Neither of them is old enough to vote.

Some political analysts liked the idea of teens running for public office, the Star wrote, noting widespread apathy among young voters in the country. In the last nonpresidential election, census data show a mere 13 percent of Kansans ages 18 to 24 bothered to vote. The national average was just a few points higher.

American voter turnout is still lower than most other wealthy nations

Other adults mocked Bergeson’s campaign.

“People want something different,” the teen told Fox News host Jesse Watters in September. “They don’t necessarily want an experienced politician.”

Watters interrupted him with a sneering laugh. “Yeah, so they want an inexperienced politician, and you’re going to be the most inexperienced politician ever.”

“Yes,” Bergeson said, straight-faced.

“Have you thought about a jacket and tie?” Watters asked, noting the candidate’s polo shirt.

“If you dress more like everyday people, I think it shows a common relation between the candidates and the people who elect them,” Bergeson replied.

The host cracked more jokes, but the teen was not deterred. On the contrary, he talked his friend, Tyler Ruzich, into joining the governor’s race on the Republican side, where a huge slate of candidates was vying to replace former governor Sam Brownback, who stepped down to become a U.S. ambassador.

Fox News invited Ruzich to appear too — but this time respectfully, with the hosts noting his honor roll status and political experience in student government.

From there, running for governor became something of a high school trend. Four candidates, all 16 or 17, held a forum inside the Lawrence Free State high school gym in October — long before any of their adult counterparts held a debate, the Wichita Eagle wrote.

The forum looked not much different from any other, the newspaper reported. Teens in the audience murmured when a 17-year-old libertarian candidate got a jab in at Ruzich during a debate about toll roads. “You don’t drive yet,” he quipped.
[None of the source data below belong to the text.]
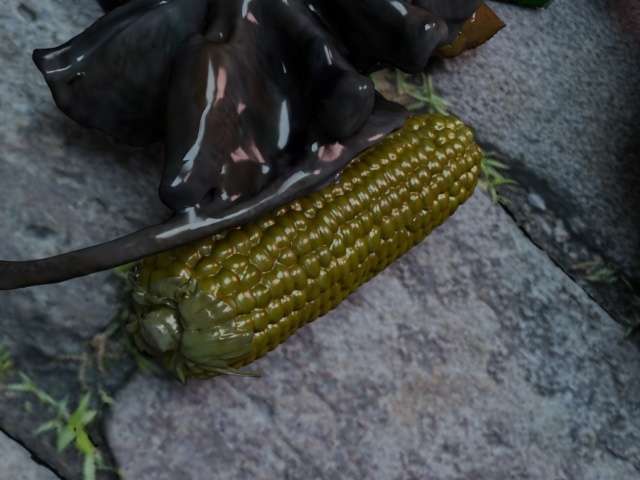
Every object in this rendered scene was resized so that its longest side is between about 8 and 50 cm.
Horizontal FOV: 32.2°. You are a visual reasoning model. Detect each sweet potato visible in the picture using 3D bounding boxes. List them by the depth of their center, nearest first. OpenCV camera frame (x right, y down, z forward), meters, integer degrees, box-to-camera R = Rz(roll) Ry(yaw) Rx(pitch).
[{"bbox_3d":[0.040,-0.154,0.777,0.206,0.060,0.068,-4,34,-13],"label":"sweet potato"}]

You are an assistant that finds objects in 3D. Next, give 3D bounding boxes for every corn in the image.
[{"bbox_3d":[-0.002,-0.005,0.677,0.260,0.091,0.091,-30,108,-34],"label":"corn"}]

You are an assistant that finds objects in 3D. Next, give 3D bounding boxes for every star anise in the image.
[{"bbox_3d":[-0.044,-0.114,0.662,0.360,0.139,0.316,-16,42,5],"label":"star anise"}]

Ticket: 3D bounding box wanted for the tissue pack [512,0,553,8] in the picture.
[{"bbox_3d":[0.104,-0.287,0.803,0.209,0.156,0.148,9,63,-17],"label":"tissue pack"}]

In November, 17-year-old Lucy Steyer launched her run for secretary of state. “All of us teenagers running agreed we wanted to bring attention to all the elections,” she told the Hutchinson News, which noted that regardless of her age, she was one of the only female candidates in the statewide races.
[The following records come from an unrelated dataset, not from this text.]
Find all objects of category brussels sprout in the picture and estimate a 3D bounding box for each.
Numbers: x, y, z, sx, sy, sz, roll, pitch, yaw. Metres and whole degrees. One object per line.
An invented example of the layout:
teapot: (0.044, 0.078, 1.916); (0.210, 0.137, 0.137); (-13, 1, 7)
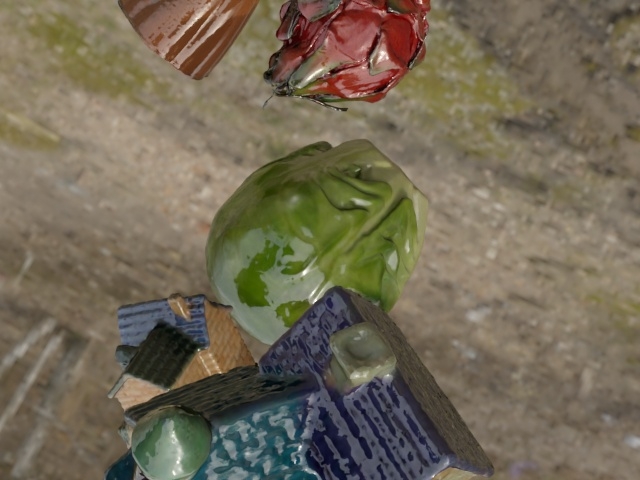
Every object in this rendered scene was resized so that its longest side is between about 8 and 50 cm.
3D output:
brussels sprout: (0.000, 0.002, 2.060); (0.289, 0.355, 0.281); (50, 167, -23)

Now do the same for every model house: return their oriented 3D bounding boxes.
model house: (-0.021, 0.204, 1.265); (0.245, 0.312, 0.280); (59, 152, 28)
model house: (-0.204, 0.160, 1.823); (0.166, 0.183, 0.172); (-6, 124, 23)

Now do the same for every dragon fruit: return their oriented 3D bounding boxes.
dragon fruit: (0.022, -0.287, 1.941); (0.234, 0.293, 0.234); (52, 173, 9)

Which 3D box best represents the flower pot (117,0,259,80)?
flower pot: (-0.189, -0.373, 2.157); (0.190, 0.173, 0.191); (42, -163, -16)

More and more joined the movement. By January, NPR wrote, six teens had entered the governor’s race alone — making up about a third of the candidates.

That’’s when the adults began to fight back.

State Rep. Blake Carpenter (R) introduced a bill in the Kansas legislature in January that would bar anyone too young to vote from running for the governor’s office and other top state offices.

The bill, which passed out of a committee on Tuesday, wouldn’t affect the 2018 election if it becomes law. But going forward, Carpenter said, rules had to be laid down.

“If you are an adult in the eyes of government at age 18, you can serve in the military, you can do just about anything you want,” the Republican legislator told the Star. “As of right now, inmates can run. I also saw reports of people saying that cats and dogs could run.”

However, some in the state capitol are trying to keep teen candidacies legal. “We have all the requirements we need right now and that is, that you don’t get elected unless the people decide to elect you,” Democratic Rep. Vic Miller said, according to the Star.

Bergeson, the teen who started the movement, doesn’t sound like he especially needs adult help.

“Allow me to clear up a misconception: I am not running for governor as a stunt, or a gag,” he told the legislature in written testimony opposing the bill, according to the Topeka Capital-Journal.

“I am running for governor because of the minimum wage worker that has to work three jobs just to get by. I am running because our education system has been lagging behind other states. I am running to get money out of politics,” Bergeson wrote.

“But most importantly, I am running to get as many people involved in politics as possible.”